Most important for the Clinton campaign was a decisive win in the Ohio primary which has historically been a bellwether for how candidates perform in a general election.

No candidate in the last five or so decades, Democrat or Republican, has lost the Ohio primary and gone on to win in November, a bit of trivia that Hillary Clinton was not remiss to point out in her victory speech last night.

After enduring a brutal string of eleven straight losses, Clinton played the comeback kid in Ohio citing her wins in Democratic strongholds and continuing to play up her leadership credentials as she spoke to an enthusiastic crowd of supporters.

Not only did a clearly renewed Clinton vow to fight on in her quest to win the Democratic nomination, she sounded a note of optimism and certainty that has not been heard from her campaign in weeks.

Senator Barack Obama, on the other hand, brushed off his losses in a speech to supporters in San Antonio, Texas where most of his comments were addressed to John McCain who last night secured the Republican nomination with wins in every major Republican contest.

Focusing more on policy than rhetoric, Obama’s words suggested that he was not shaken by the evening’s losses, while simultaneously reassuring his supporters that his campaign would prevail in the end.

As of press time, Barack Obama was leading in Texas caucuses, which could result in Senator Obama winning more delegates than Senator Clinton once the final votes have been tallied.

That will however not be enough to stop the Clinton campaign from claiming bragging rights in the days ahead.

So again, in what is becoming an increasingly common refrain during this election cycle, an evening that held the promise of crowning a Democratic nominee, ended in an upset.

With Hillary Clinton on the ropes, Barack Obama was unable to score a knockout punch, just as Clinton lived up to her campaign promise of being a fighter by battling back to within a hair of winning the Democratic nomination.

The good news for Hillary Clinton was that she recaptured her base.

Older voters, Latinos, white voters and voters who decided in the final days leading up to the primary, all favoured Hillary Clinton by significant margins.

Similarly, Barack Obama held on to his base winning among younger voters, African-Americans and more liberal voters.

The bad news for the Obama campaign was that the inroads they had been believed to be making with Senator Clinton’s core simply didn’t hold in last night’s contests, which will again raise questions about the junior Senator from Illinois’ electability in a general campaign.

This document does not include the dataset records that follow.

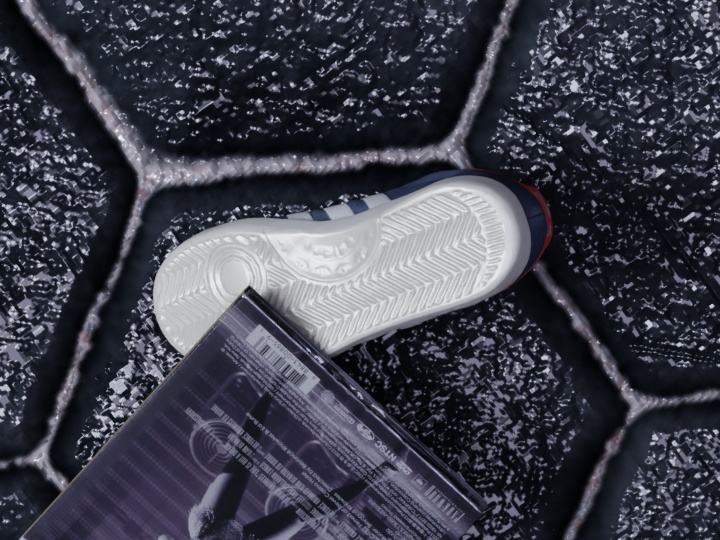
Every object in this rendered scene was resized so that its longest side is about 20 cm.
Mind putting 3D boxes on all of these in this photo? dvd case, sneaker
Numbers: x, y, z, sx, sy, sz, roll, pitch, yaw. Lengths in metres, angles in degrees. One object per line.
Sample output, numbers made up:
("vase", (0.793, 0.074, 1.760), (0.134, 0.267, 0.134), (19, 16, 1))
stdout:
("dvd case", (-0.058, 0.123, 1.082), (0.149, 0.016, 0.200), (42, 116, -3))
("sneaker", (0.000, 0.000, 1.075), (0.199, 0.084, 0.076), (-10, 94, 28))

The other piece of bad news for the Obama campaign is that pundits are speculating that Barack Obama may have a ‘glass jaw’ because of his campaign’s miscalculation regarging attacks from the Clinton campaign over the Senator’s involvement with indicted real estate developer Tony Rezko and the much publicised leak of a memo from an Obama staffer where a Canadian official was assured that Senator Obama’s tough talk about NAFTA was merely ‘political positioning.’

Many are now saying it is incumbent upon Senator Obama to find a way to address this new wave of attacks without going negative as he has said he would not do.

Next it’s on to Wyoming on Saturday and Mississippi on March 11th, both areas where Barack Obama is favoured to win.

The next major contest thereafter will be Pennsylvania on April 22nd, another Clinton firewall where Governor Ed Rendell has thrown his support behind Hillary Clinton.

All of which suggests that five weeks from now, we may well be no closer to knowing who the Democratic nominee is than we are today.